Bitter Victory (French title Amère victoire) is a 1957 Franco-American international co-production drama war film, shot in CinemaScope and directed by Nicholas Ray. Set in World War II, it stars Richard Burton and Curt Jürgens as two British Army officers sent out on a commando raid in North Africa. Ruth Roman plays the former lover of one and the wife of the other. It is based on the novel of the same name by René Hardy.

==Plot==
During the Western Desert Campaign of World War II, two Allied officers in Egypt are interviewed to lead a dangerous commando mission behind German lines in Benghazi. Major David Brand, a South African, is a regular army officer but lacks command and combat experience. He does not speak Arabic and has only a limited knowledge of Libya. Captain Jimmy Leith, a Welshman, is an amateur volunteer with extensive knowledge of the area who speaks Arabic. It is decided that both officers will go, with Major Brand in command. The men see Brand as a disciplinarian — "the only thing he's slept with is the rule book."

Major Brand's wife Jane is a Women's Auxiliary Air Force (WAAF) Flight Officer who enlisted to be near her husband. When Brand invites Leith to drinks with his wife, he picks up the fact that the two had had an affair before she married Brand. Leith had walked out on her without explanation.

The unit parachutes into Benghazi with the mission of attacking a German headquarters and bringing back secret plans from a safe to be opened by Wilkins, an experienced safecracker. Dressed as local civilians, Brand's hand shakes with fright when he has to knife a German sentry; the deed is done by Leith.

The mission is completed with the British suffering only one death and one man wounded. The patrol ambushes a German detachment, capturing Oberst Lutze, whom Brand knows to be responsible for the secret documents. Possibly in the hope of getting rid of Leith, Brand leaves him alone with two seriously wounded men, one British, one German. Leith decides to put them out of their pain. He shoots the German, who pleads for his life. The Briton encourages Leith to act quickly and get it over with. Leith puts his pistol to the soldier's head and fires but there are no bullets left. Rather than reloading, Leith picks the man up and sets out to carry him to safety. The man cries out in agony and curses Leith's failure, but dies before Leith puts him down again. Leith, whose Arab friend has joined him, then catches up with the rest of the unit.

The patrol is supposed to escape on camels but they discover the men left with them have been murdered and the camels taken. During the long march back across the desert, Brand's animosity towards Leith grows, not only due to the affair with his wife but to Brand's fear that Leith will reveal him as a coward to headquarters and destroy his career. While the group are resting, Brand sees a scorpion climb up the leg of Leith's trousers but does not warn him in time. When Leith is stung, Brand refrains from shooting him as his orders permit and lets him die in pain during a sandstorm. The men believe he killed him.
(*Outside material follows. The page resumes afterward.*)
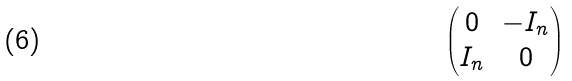Convert formula to latex. <formula><loc_0><loc_0><loc_500><loc_500>\begin{pmatrix} 0 & - I _ { n } \\ I _ { n } & 0 \end{pmatrix}</formula> 
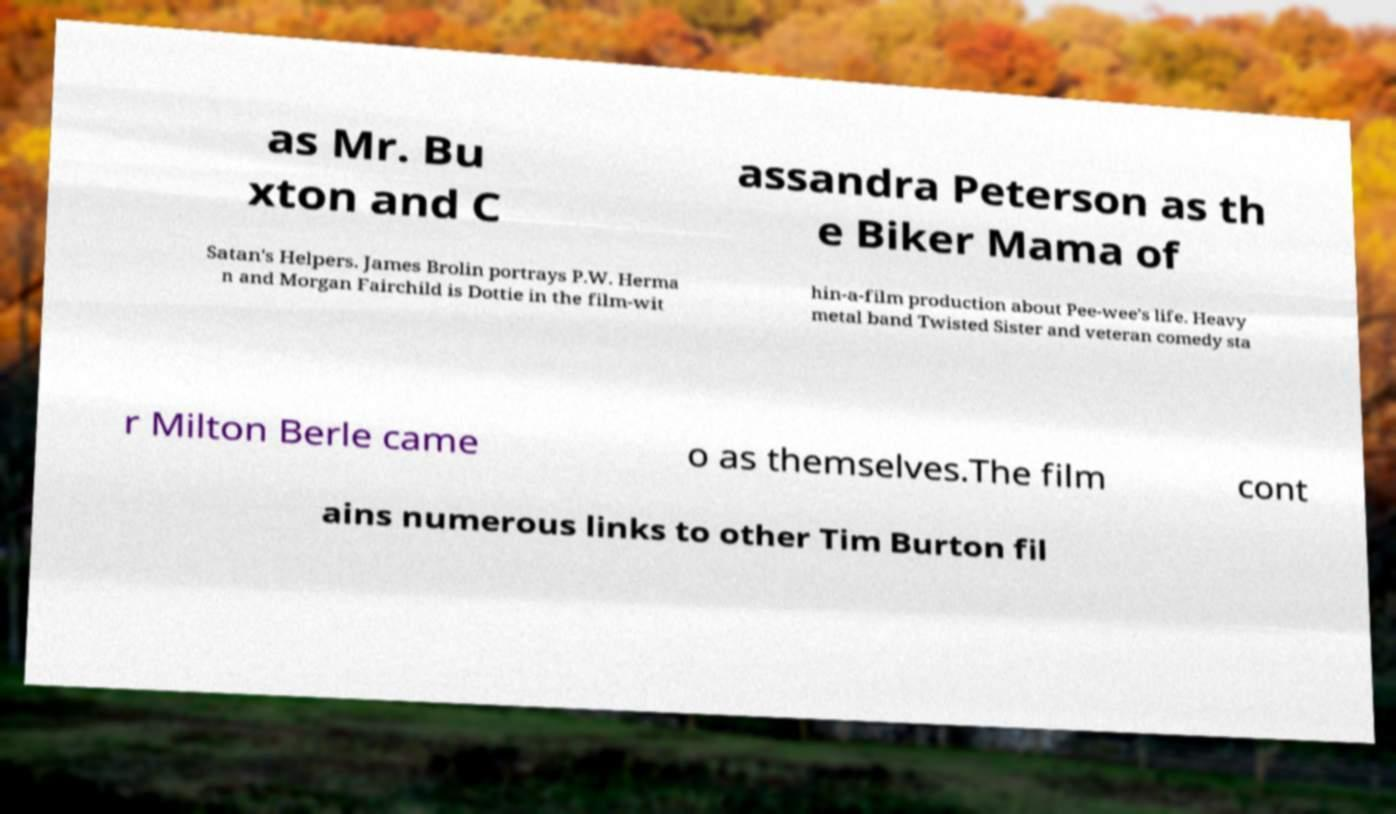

A patrol eventually picks up the group and takes them back to HQ. Brand's wife is distraught to learn of Leith's death and when Brand is immediately awarded the Distinguished Service Order, instead of congratulating him, she walks off disconsolate. In the closing shot Brand ruefully pins the medal on a stuffed training dummy.

==Production and release==
Although labelled a Franco-American co-production, Bitter Victory was mainly a French production, made by Transcontinental Films, the production company set up by German-born producer Paul Graetz (not to be confused with the German actor with the same name). The US co-production consisted of Columbia Pictures putting up some financing in return for worldwide distribution rights. The French financing came from the publisher Robert Laffont. Production started on 17 February 1957 and finished two months later. Much of the film was shot on location in Libya, with support from the British War Office and the British Army, while some interior scenes were done at the Victorine Studios, Nice, France.

Christopher Lee writes in his autobiography that upon arriving in Libya, all but the main stars essentially took part in a cast lottery for parts. Nobody was satisfied with the role they ended up with, particularly Raymond Pellegrin, who was stuck as an Arab guide who had only four lines. Lee says that the whole cast parted, "in the certain knowledge of having shared in a failure."

The film had its premiere at the 18th Venice Film Festival on 29 August 1957, where it competed for the Golden Lion award (which went to Satyajit Ray's Aparajito) as a French entry, but with English dialogue and Italian subtitles. The first general release was in France, on 20 November 1957.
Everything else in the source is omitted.